In this exercise, print only the lines of the records below from the one with "list Embedding Generation: Each" through the one with "text CANONICAL. (2022).", inclusive. Pictures are not part of the copy.

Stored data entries

┄┄┄┄┄┄┄┄┄┄┄┄┄┄┄┄┄┄┄┄

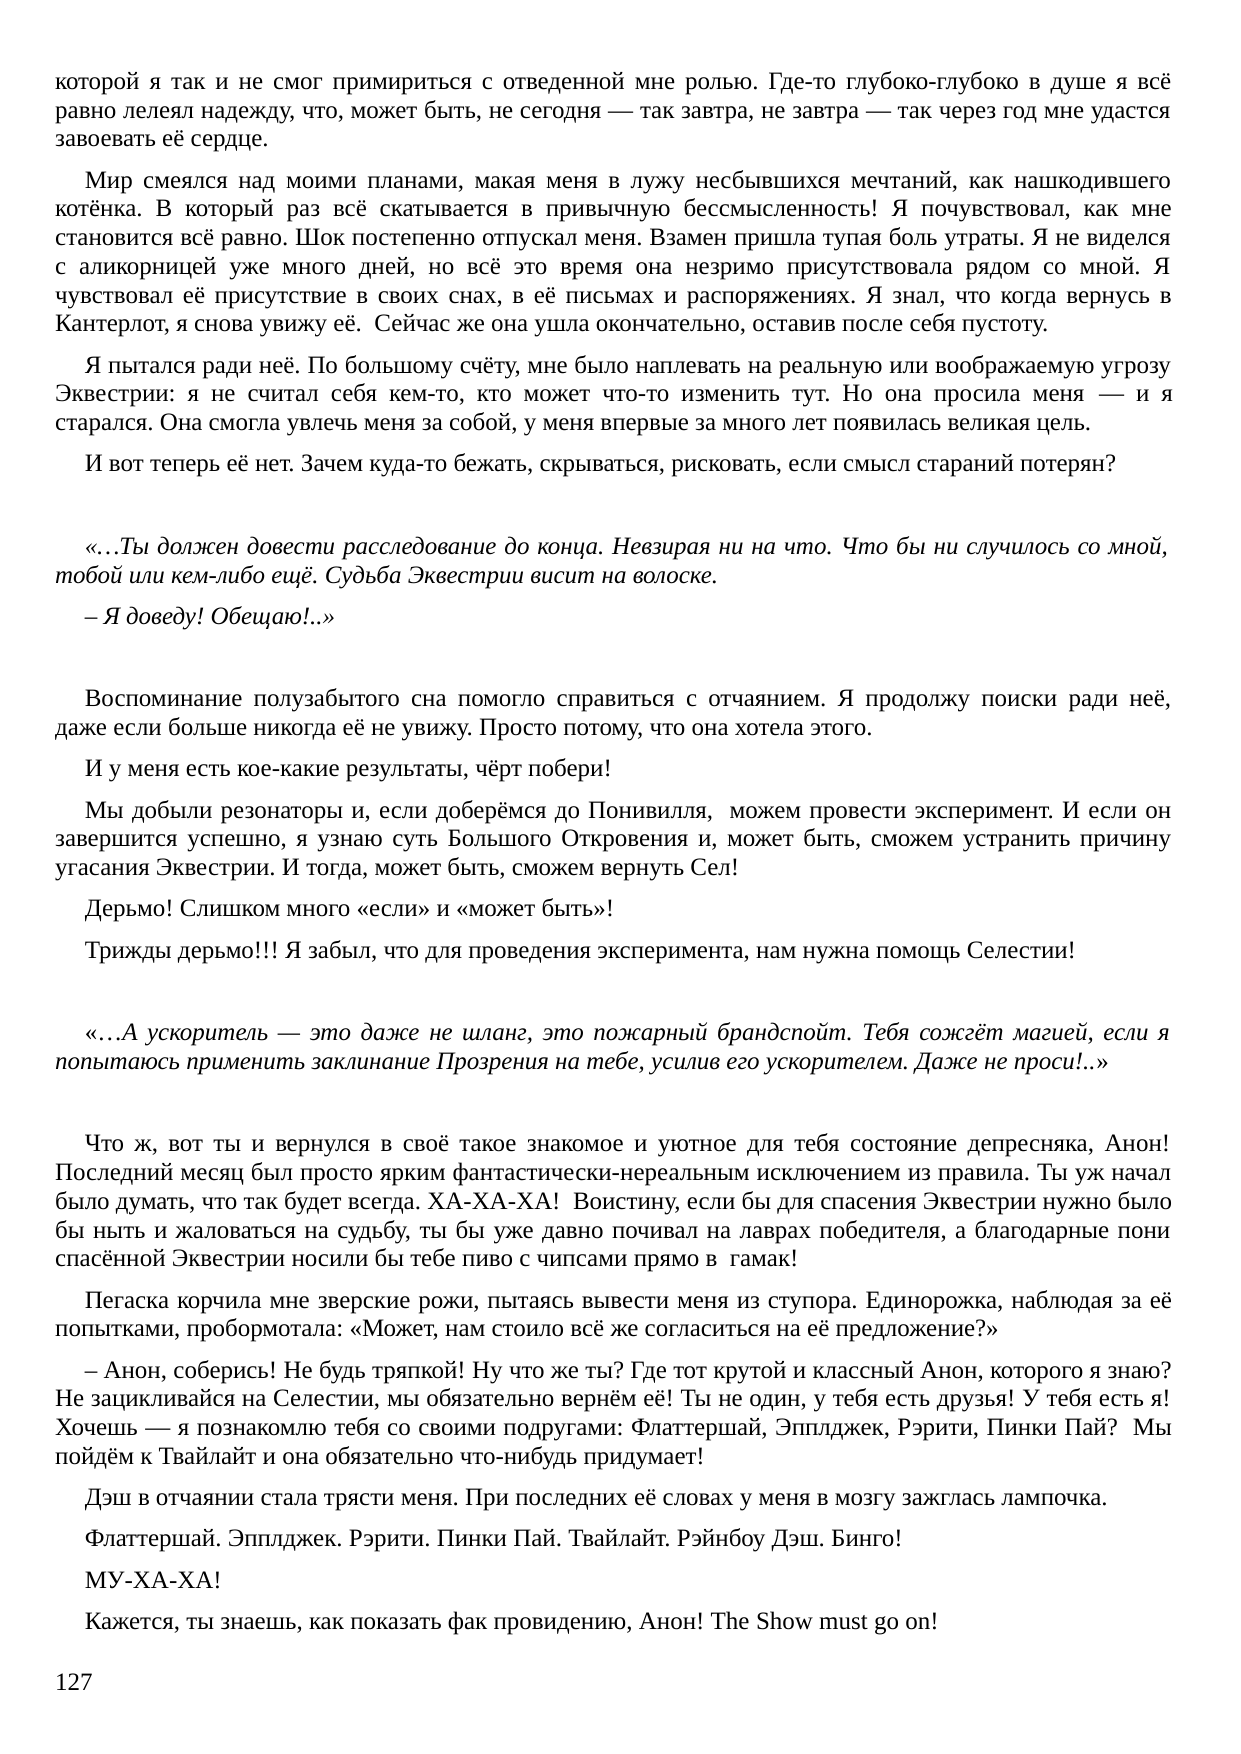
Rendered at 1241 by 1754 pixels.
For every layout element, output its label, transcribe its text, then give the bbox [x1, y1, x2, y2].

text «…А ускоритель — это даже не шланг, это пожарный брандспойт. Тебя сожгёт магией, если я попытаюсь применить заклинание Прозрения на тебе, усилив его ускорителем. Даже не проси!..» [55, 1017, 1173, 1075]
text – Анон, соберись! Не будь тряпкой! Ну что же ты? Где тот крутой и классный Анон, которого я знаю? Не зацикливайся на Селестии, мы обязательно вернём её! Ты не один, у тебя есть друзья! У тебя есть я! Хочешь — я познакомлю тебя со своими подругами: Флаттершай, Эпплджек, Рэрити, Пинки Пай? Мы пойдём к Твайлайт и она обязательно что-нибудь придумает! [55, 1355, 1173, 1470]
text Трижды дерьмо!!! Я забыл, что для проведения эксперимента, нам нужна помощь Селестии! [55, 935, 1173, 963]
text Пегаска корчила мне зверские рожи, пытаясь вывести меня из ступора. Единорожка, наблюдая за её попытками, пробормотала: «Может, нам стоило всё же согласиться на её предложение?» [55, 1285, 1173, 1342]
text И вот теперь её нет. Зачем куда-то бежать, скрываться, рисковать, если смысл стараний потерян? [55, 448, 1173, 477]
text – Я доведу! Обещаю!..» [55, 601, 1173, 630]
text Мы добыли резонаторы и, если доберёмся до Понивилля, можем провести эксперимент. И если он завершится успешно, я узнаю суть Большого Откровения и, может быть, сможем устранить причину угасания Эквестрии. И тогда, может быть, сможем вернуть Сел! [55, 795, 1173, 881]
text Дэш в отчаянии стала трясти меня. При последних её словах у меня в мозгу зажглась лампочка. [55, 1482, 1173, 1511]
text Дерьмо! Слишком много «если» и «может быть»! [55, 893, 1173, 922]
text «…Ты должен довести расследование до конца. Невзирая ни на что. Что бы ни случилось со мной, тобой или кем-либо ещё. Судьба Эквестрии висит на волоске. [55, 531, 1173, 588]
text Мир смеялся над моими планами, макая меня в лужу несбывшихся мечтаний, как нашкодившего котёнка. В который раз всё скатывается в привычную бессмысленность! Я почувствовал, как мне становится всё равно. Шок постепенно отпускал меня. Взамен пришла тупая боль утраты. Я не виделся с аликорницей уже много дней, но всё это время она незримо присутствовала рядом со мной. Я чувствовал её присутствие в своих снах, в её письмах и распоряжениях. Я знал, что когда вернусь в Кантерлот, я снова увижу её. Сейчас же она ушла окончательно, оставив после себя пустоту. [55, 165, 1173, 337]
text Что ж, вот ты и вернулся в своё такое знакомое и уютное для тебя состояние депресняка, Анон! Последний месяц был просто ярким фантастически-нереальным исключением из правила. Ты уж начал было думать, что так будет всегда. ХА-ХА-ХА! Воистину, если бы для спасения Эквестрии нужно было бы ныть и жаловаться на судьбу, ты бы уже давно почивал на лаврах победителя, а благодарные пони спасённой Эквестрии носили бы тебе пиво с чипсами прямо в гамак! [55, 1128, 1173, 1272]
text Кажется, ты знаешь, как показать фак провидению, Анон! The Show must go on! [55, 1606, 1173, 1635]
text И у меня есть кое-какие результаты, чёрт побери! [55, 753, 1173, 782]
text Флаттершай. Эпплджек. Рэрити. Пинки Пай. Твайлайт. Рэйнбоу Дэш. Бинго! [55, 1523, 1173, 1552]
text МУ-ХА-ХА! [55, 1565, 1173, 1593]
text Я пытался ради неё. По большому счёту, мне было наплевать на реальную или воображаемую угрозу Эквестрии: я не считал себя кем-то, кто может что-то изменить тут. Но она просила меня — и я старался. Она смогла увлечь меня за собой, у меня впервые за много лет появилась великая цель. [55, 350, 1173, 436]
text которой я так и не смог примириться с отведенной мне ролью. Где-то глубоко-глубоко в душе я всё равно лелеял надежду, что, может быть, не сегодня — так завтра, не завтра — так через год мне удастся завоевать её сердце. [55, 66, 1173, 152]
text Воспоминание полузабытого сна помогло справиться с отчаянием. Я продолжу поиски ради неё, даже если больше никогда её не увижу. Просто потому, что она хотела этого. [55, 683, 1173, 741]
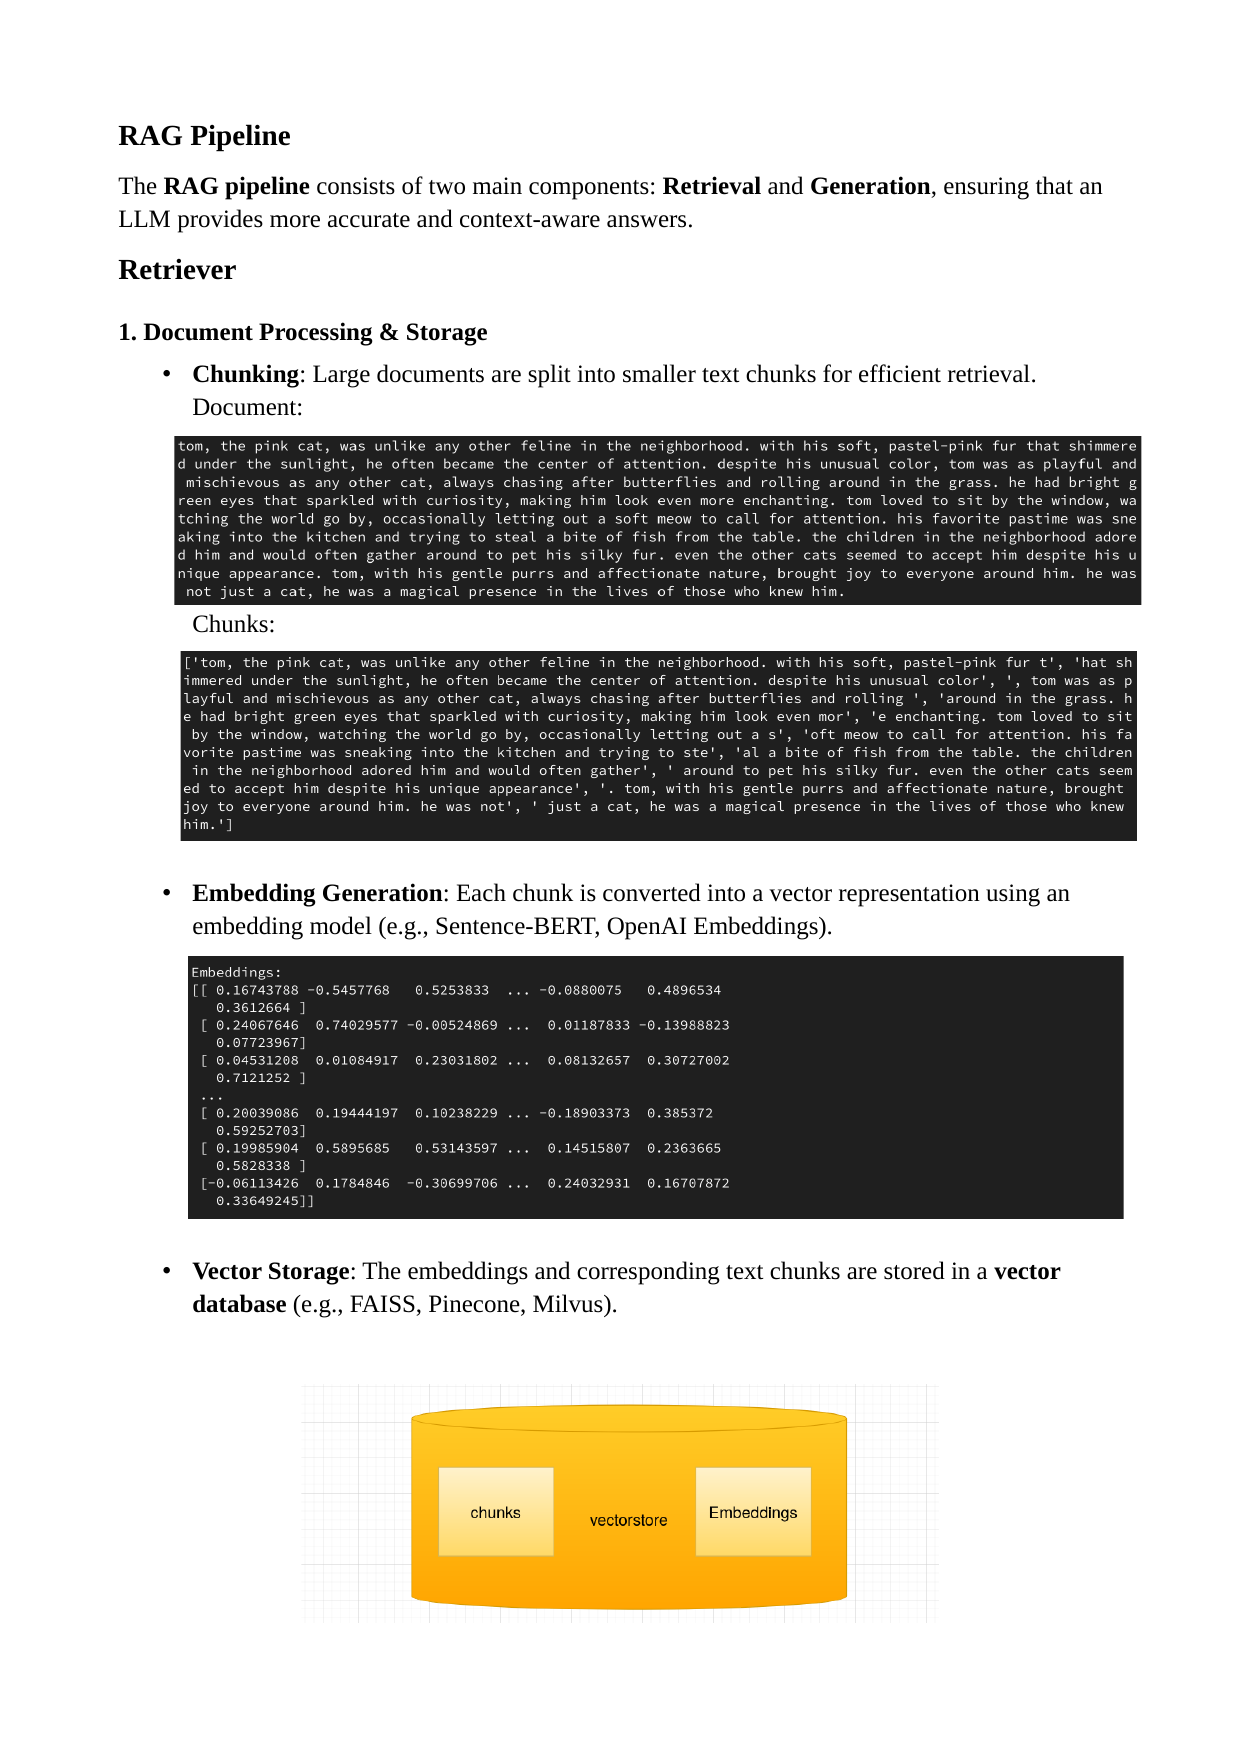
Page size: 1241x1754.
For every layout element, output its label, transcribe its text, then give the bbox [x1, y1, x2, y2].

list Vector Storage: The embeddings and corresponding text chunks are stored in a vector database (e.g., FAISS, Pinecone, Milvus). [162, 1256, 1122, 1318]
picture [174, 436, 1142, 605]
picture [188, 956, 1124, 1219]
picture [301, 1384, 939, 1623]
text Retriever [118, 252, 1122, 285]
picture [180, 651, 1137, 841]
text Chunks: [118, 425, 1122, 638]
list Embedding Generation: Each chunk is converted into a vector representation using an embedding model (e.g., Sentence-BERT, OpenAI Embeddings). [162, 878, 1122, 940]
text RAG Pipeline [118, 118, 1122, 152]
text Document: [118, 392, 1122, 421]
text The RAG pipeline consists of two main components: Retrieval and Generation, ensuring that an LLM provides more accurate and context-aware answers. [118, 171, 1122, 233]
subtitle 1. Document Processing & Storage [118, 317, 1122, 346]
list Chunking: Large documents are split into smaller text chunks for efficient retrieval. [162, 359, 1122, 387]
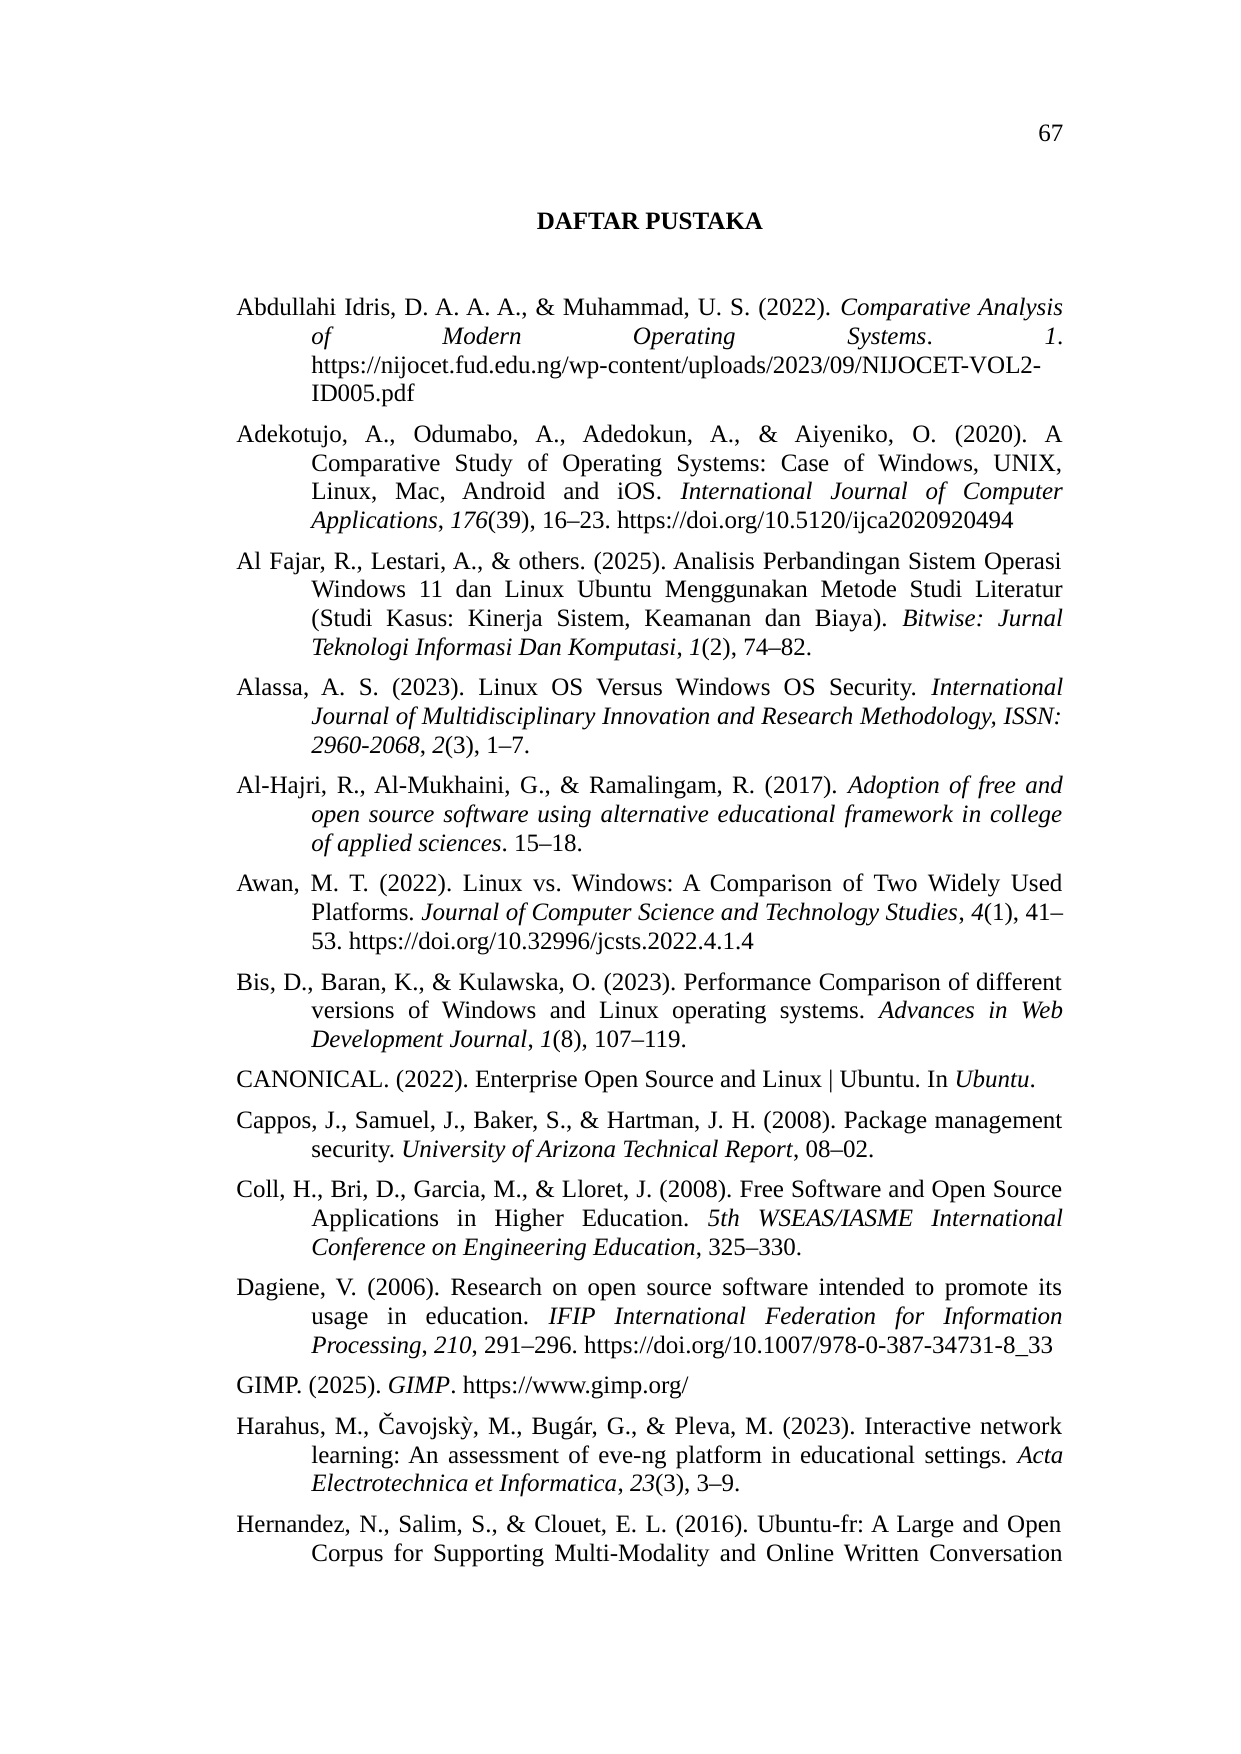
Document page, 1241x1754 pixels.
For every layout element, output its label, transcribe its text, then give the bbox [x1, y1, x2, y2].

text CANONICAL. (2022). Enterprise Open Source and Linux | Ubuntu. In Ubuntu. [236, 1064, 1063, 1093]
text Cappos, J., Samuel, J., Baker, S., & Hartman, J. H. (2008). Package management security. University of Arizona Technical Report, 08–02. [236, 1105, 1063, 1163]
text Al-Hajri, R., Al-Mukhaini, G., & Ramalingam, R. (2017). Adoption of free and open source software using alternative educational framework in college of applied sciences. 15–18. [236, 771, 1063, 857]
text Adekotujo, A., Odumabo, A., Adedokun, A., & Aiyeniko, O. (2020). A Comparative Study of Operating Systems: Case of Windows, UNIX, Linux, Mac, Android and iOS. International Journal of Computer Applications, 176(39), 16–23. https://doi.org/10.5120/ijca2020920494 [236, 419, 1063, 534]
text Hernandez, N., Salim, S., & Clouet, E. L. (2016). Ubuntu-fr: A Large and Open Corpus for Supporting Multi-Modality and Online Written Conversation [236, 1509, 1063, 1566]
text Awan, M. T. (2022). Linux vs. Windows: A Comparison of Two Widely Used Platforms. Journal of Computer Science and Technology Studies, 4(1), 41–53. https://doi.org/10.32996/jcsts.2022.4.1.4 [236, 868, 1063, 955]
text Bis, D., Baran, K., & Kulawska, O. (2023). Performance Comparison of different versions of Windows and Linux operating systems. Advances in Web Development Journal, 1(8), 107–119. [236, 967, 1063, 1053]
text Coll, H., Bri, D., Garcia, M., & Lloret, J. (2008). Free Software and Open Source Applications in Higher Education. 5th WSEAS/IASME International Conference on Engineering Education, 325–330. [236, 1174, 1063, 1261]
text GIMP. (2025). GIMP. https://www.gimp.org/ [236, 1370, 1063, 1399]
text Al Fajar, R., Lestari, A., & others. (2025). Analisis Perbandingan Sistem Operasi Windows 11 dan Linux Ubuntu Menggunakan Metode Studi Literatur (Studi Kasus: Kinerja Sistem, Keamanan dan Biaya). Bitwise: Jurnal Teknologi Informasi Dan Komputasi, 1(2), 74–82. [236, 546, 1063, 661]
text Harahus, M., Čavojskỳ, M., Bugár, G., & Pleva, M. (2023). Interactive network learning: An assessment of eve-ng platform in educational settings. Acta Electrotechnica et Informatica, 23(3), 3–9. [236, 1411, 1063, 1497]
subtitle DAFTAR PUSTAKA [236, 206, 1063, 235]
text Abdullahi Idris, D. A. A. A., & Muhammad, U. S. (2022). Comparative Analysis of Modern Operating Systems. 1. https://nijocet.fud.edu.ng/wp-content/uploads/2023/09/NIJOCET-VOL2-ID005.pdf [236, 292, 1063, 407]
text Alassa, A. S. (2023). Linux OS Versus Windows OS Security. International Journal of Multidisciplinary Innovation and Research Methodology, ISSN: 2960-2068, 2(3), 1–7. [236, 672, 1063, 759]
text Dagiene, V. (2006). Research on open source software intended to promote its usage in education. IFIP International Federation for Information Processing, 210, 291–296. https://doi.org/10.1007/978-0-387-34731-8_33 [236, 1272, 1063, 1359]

┄┄┄┄┄┄┄┄┄┄┄┄┄┄┄┄┄┄┄┄

SOLUTION TO THIS PROBLEM:
list Embedding Generation: Each chunk is converted into a vector representation using an embedding model (e.g., Sentence-BERT, OpenAI Embeddings). [162, 878, 1122, 940]
text RAG Pipeline [118, 118, 1122, 152]
text Document: [118, 392, 1122, 421]
text The RAG pipeline consists of two main components: Retrieval and Generation, ensuring that an LLM provides more accurate and context-aware answers. [118, 171, 1122, 233]
subtitle 1. Document Processing & Storage [118, 317, 1122, 346]
list Chunking: Large documents are split into smaller text chunks for efficient retrieval. [162, 359, 1122, 387]
Document page, 1241x1754 pixels.
For every layout element, output its label, transcribe its text, then give the bbox [x1, y1, x2, y2].

text CANONICAL. (2022). Enterprise Open Source and Linux | Ubuntu. In Ubuntu. [236, 1064, 1063, 1093]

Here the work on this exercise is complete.